When a line below contains the string "object", show that line.

Collection entries
- Opening Delimiter -

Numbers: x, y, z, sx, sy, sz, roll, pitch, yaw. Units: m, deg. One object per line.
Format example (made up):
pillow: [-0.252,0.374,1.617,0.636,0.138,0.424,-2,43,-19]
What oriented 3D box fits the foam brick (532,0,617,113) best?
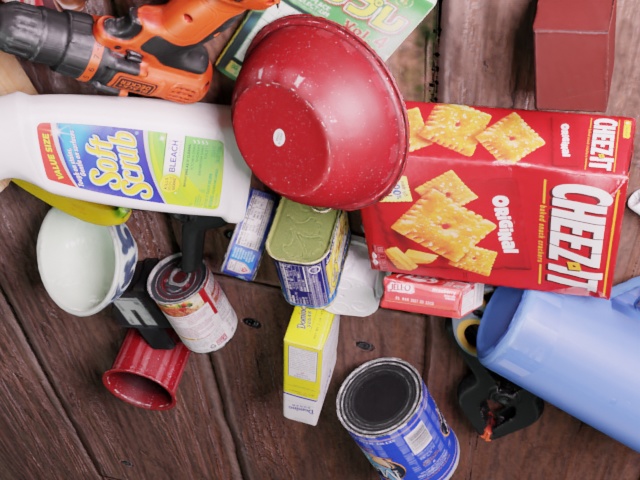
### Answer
foam brick: [0.176,-0.133,0.739,0.051,0.053,0.078,7,144,18]

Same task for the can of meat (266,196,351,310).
can of meat: [-0.006,0.001,0.971,0.057,0.102,0.084,8,147,14]

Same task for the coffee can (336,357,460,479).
coffee can: [0.091,0.215,1.220,0.103,0.102,0.140,-2,141,28]

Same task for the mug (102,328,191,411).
mug: [-0.208,0.152,1.292,0.093,0.081,0.117,26,145,-11]

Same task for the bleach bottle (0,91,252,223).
bleach bottle: [-0.185,-0.070,0.890,0.250,0.068,0.103,2,118,-16]

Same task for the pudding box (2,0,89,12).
pudding box: [-0.212,-0.216,0.818,0.090,0.039,0.114,32,144,-18]

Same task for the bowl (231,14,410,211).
bowl: [-0.014,-0.085,0.808,0.162,0.055,0.162,21,128,29]

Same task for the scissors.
scissors: [0.116,0.056,1.040,0.201,0.016,0.096,21,121,-4]

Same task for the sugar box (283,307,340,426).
sugar box: [-0.009,0.118,1.141,0.048,0.093,0.176,15,145,6]

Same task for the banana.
banana: [-0.255,-0.058,1.042,0.198,0.037,0.070,25,149,16]

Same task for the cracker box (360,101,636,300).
cracker box: [0.141,-0.031,0.881,0.214,0.072,0.164,7,144,15]

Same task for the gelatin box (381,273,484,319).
gelatin box: [0.103,0.046,0.966,0.073,0.030,0.089,8,-172,21]

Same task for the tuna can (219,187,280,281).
tuna can: [-0.065,-0.005,1.003,0.033,0.086,0.086,19,146,-5]

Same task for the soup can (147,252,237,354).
soup can: [-0.136,0.069,1.156,0.069,0.068,0.102,3,143,22]

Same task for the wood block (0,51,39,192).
wood block: [-0.318,-0.144,0.895,0.090,0.090,0.206,20,154,24]

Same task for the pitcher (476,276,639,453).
pitcher: [0.276,0.106,0.975,0.242,0.149,0.145,26,160,-7]

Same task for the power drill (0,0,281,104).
power drill: [-0.130,-0.171,0.785,0.184,0.057,0.188,9,156,-36]

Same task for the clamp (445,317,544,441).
clamp: [0.210,0.156,1.140,0.165,0.036,0.210,11,141,12]

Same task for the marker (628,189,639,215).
marker: [0.305,-0.003,0.889,0.121,0.020,0.020,33,143,-20]

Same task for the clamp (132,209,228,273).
clamp: [-0.125,-0.027,1.039,0.120,0.039,0.172,43,141,-25]
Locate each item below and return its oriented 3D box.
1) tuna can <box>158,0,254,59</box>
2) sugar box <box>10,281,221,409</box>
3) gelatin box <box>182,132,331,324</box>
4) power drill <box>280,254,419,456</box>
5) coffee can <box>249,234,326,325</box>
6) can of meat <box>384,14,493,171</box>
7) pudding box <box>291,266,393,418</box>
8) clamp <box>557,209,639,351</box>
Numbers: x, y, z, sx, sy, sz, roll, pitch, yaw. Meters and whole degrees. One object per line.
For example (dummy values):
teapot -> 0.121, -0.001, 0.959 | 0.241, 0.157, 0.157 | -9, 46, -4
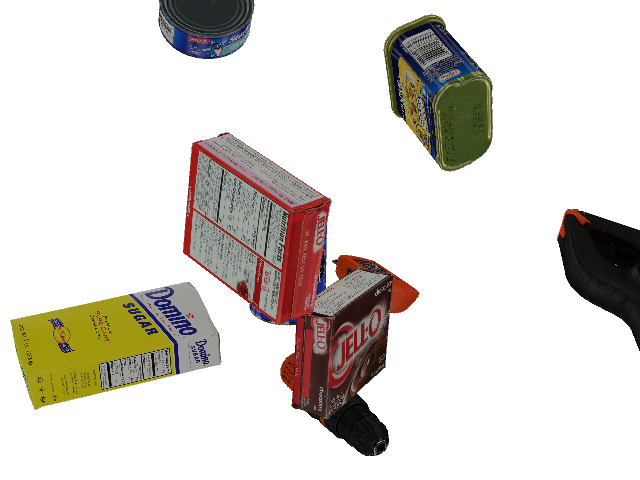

- Closing Delimiter -

Your solution →
Numbers: x, y, z, sx, sy, sz, roll, pitch, yaw. Units: m, deg. One object per line.
Numbers: x, y, z, sx, sy, sz, roll, pitch, yaw. Meters and whole degrees. One object per line.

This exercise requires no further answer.